RICHARD WEBB, CPA AUSTRALIA
Proposed changes to Australia’s superannuation
system could significantly reshape how
high-balance accounts are taxed.
The introduction of the Division 296 tax adds
an additional 15 per cent tax on earnings from
superannuation balances exceeding A$3 million,
prompting scrutiny from professionals across
the retirement and financial sectors.
In this episode of the With Interest podcast,
CPA Australia’s superannuation lead,
Richard Webb, explores the technical
complexities of the draft legislation, of which
one of the most controversial aspects
is the inclusion of unrealised capital gains
in the tax calculation.
ALTERNATE APPROACHES NEEDED
“The government’s decision to use unrealised
capital gains is largely due to limitations
in the current reporting systems of most
Australian Prudential Regulation
Authority-regulated super funds,” Webb says,
explaining that these funds do not typically
calculate detailed earnings at an individual
member level, “but this is not impossible”.

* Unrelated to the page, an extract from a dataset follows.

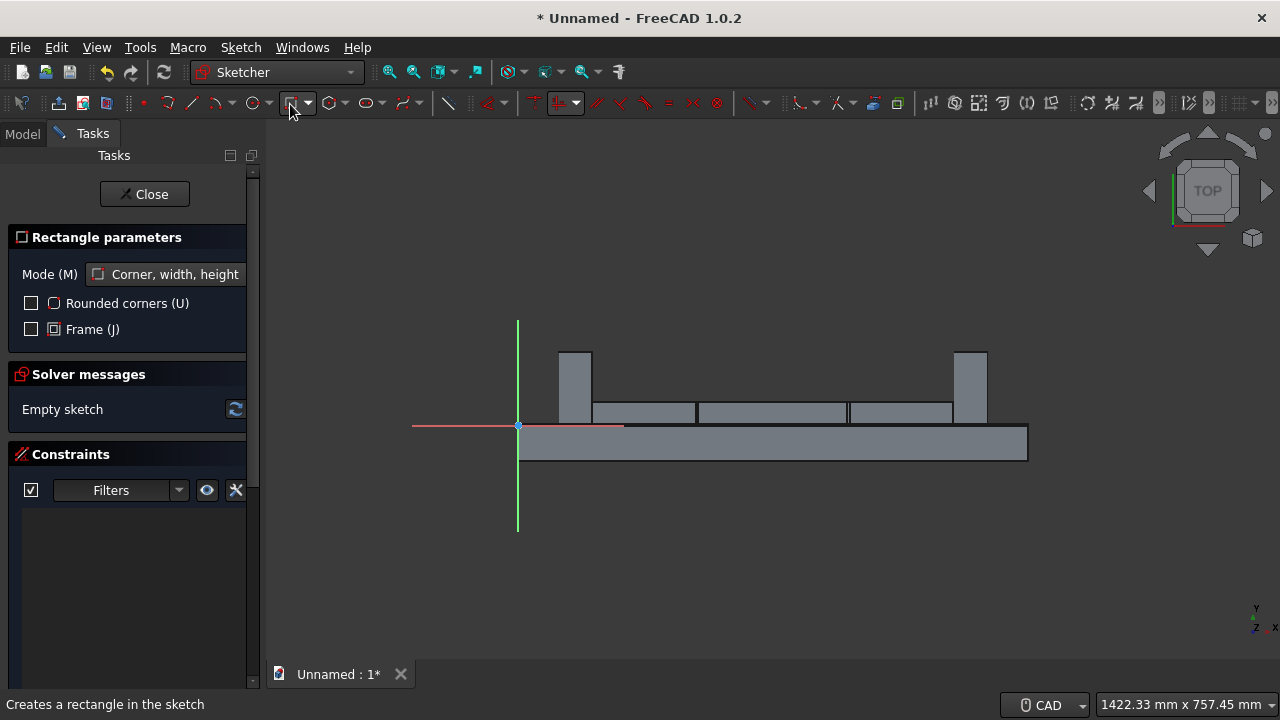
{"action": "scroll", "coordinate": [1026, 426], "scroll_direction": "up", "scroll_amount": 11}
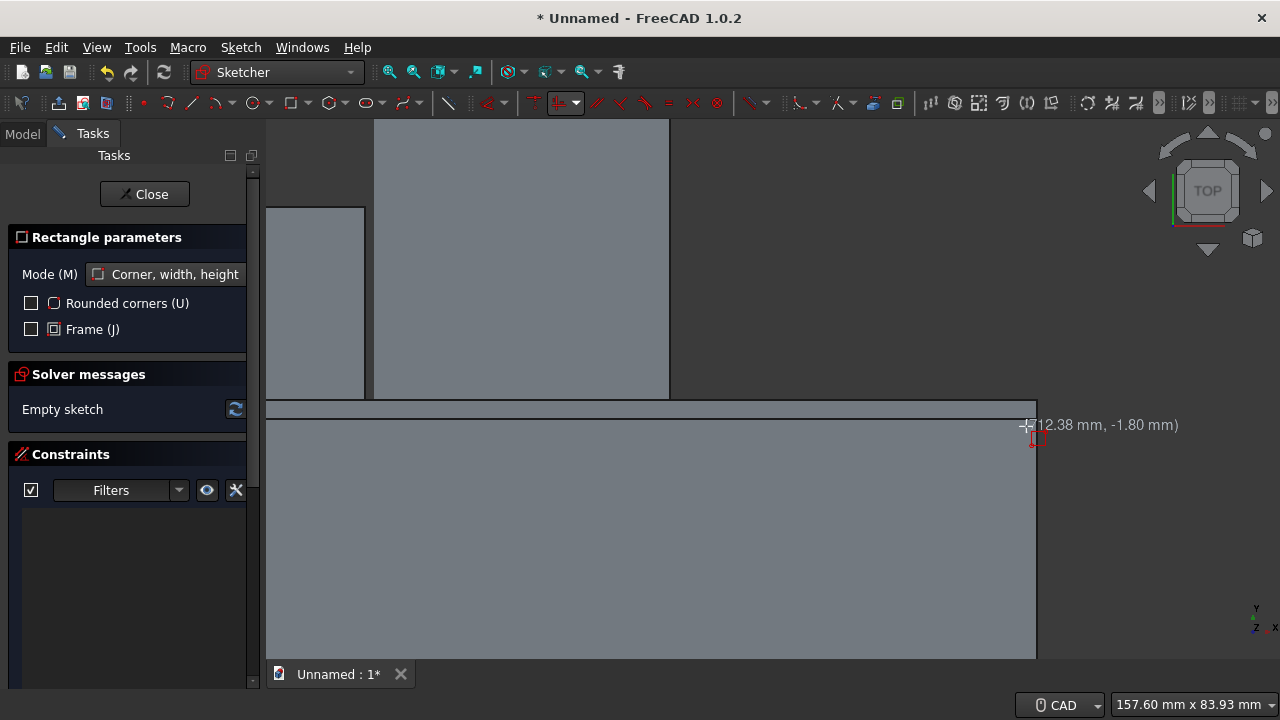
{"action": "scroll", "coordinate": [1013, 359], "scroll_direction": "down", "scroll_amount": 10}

Unit trusts provide an example of higher
reporting levels that provide an alternative
path, Webb explains, as they already manage
this level of reporting for members.
40 INTHEBLACK November 2025
“This is why many stakeholders, including
CPA Australia, have advocated for alternate
approaches,” Webb says. “CPA Australia
recommends that where funds such
as SMSFs can provide accurate member-level
earnings data, they should be allowed to use
that data instead of relying on the default
method based on changes in total balance.”
AWAITING CLARIFICATION
Further clarification is still required on how
the new tax will apply to defined benefit
superannuation accounts, which do not have
individual balances in the traditional sense.
“Draft regulations have proposed several
valuation methods for these types of funds,
but final details are pending,” notes Webb.
“Importantly, the starting balance for this new
tax calculation will be based on an individual’s
total superannuation balance as at 1 July 2025,
so we need this clarification soon.”
Other organisations have echoed this
sentiment, proposing methods such as deeming
rules or hybrid models that combine actual
earnings with balance-based calculations.
“These alternatives aim to reduce the reliance
on taxing unrealised gains, which can create
liquidity issues and other risks for members,
as well as distort investment behaviour.”